## Assigned task
Lines holding the word "image" are the ones to copy from the data below.

------

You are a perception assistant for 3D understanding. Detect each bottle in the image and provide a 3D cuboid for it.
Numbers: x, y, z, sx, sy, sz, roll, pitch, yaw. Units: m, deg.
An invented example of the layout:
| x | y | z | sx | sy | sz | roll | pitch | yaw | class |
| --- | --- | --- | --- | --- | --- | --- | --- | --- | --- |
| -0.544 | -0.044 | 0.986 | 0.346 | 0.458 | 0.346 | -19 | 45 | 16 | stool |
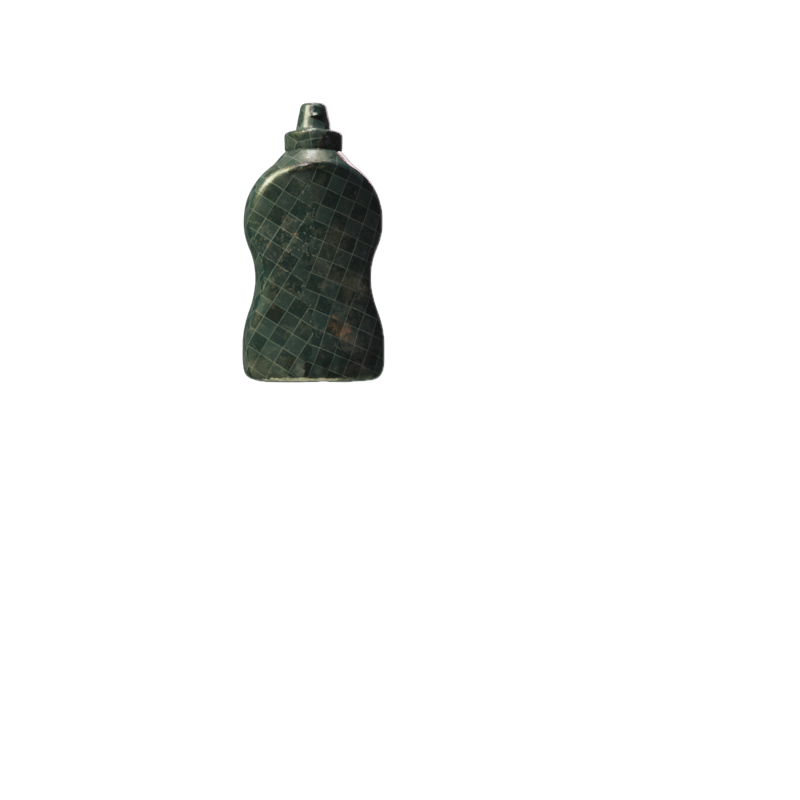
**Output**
| x | y | z | sx | sy | sz | roll | pitch | yaw | class |
| --- | --- | --- | --- | --- | --- | --- | --- | --- | --- |
| -0.060 | -0.110 | 0.767 | 0.095 | 0.194 | 0.059 | 0 | -4 | -11 | bottle |
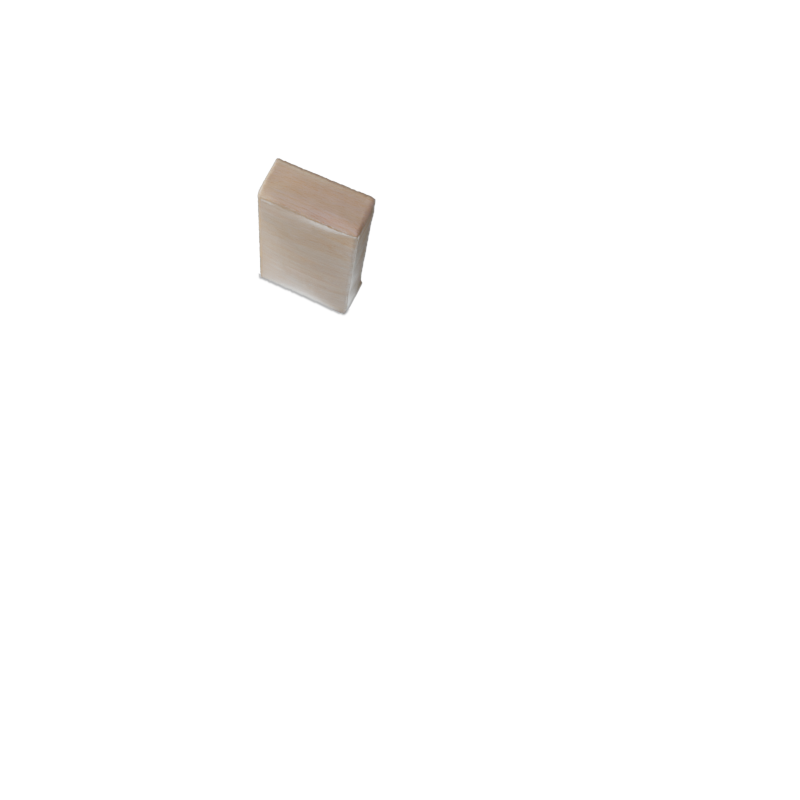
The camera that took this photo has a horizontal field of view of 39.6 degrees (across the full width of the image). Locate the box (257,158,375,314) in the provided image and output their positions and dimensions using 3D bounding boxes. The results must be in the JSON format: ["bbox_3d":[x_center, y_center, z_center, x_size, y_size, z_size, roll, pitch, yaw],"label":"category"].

------

## Solution for this problem
You are a perception assistant for 3D understanding. Detect each bottle in the image and provide a 3D cuboid for it.
The camera that took this photo has a horizontal field of view of 39.6 degrees (across the full width of the image). Locate the box (257,158,375,314) in the provided image and output their positions and dimensions using 3D bounding boxes. The results must be in the JSON format: ["bbox_3d":[x_center, y_center, z_center, x_size, y_size, z_size, roll, pitch, yaw],"label":"category"].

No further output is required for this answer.